I’m reading variable length code (unary code) in CUDA.
Input data is unsigned char * array, it’s big endian, MSB first.
I must read codeword that it maximum 24 bit long, and can have maximum offset of 7 bits from the byte boundary.
On CPU i’m using assembler to read 32bits as integer at byte boundary.
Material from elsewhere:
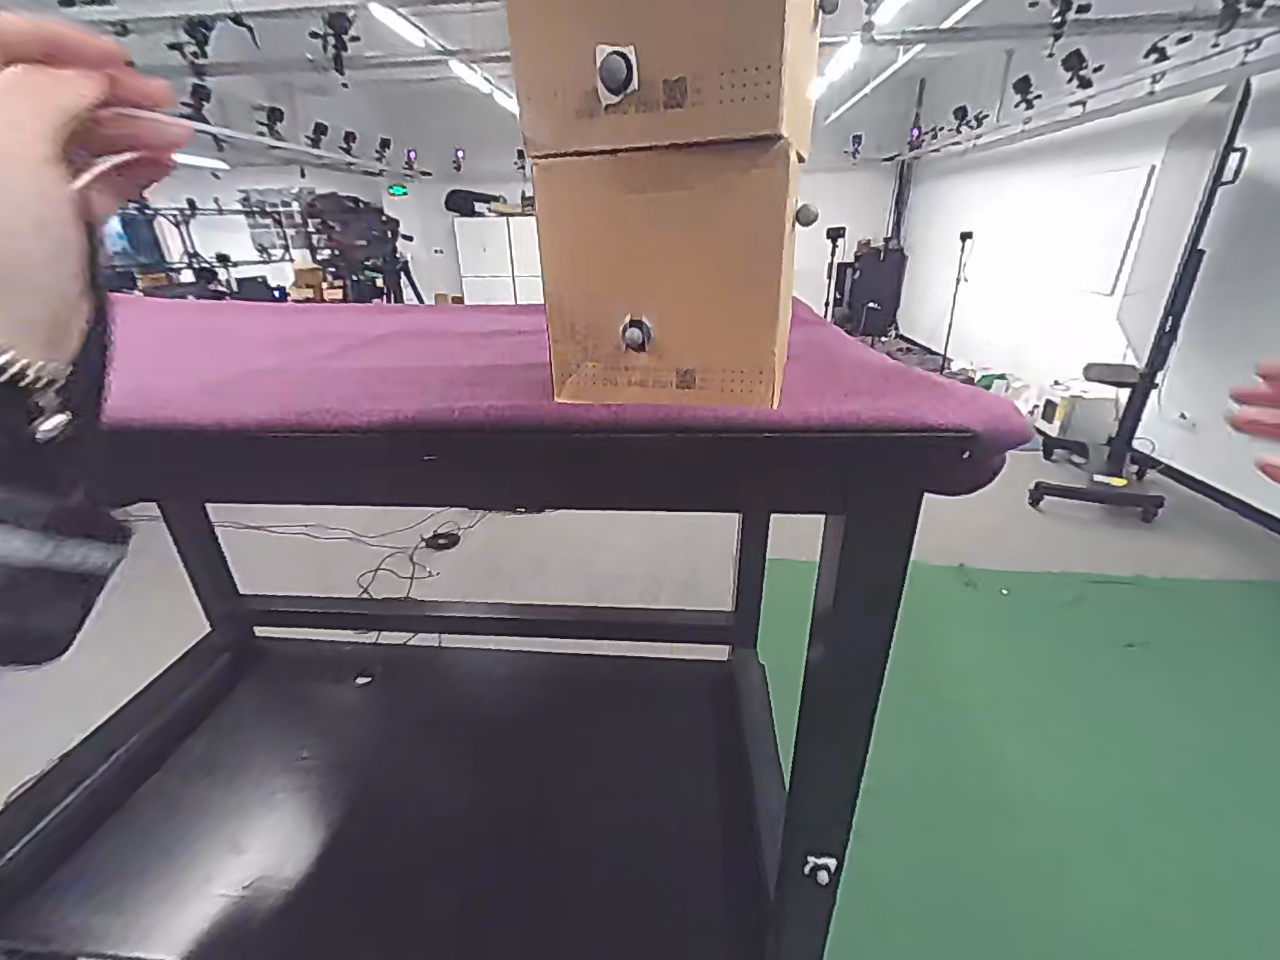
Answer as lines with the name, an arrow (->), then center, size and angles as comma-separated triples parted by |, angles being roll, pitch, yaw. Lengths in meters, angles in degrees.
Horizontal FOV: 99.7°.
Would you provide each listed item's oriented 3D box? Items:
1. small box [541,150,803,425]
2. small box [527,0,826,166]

Due to x86’s litle-endian coding my int is in wrong order, so I use bswap instruction to convert x86’s little endian byte order to correct big-endian byte order, then shift left by bit offset and then use bsr instruction to count leading zeros and so on…
What about CUDA?
In CUDA counting leading zeros is even simpler using __clz() intrinsic.
However first I must read 4 big-endian bytes from unsigned char * array into 32bit int register.
From what I know CUDA behaves like x86 when I read from a int casted pointer, it assumes little-endian and read bytes in my case in wrong order.
Is there any way to read 32 bit int into CUDA’s int register from a pointer pointing to big-endian aligned integer.
Assuming A, B, C and D are one byte each and we have char/byte array:
unsigned char * Data = ABCD…
unsigned int Word = (unsigned int *)&Data;
will produce unsigned int with wrong byte order:
unsigned int Word = DCBA;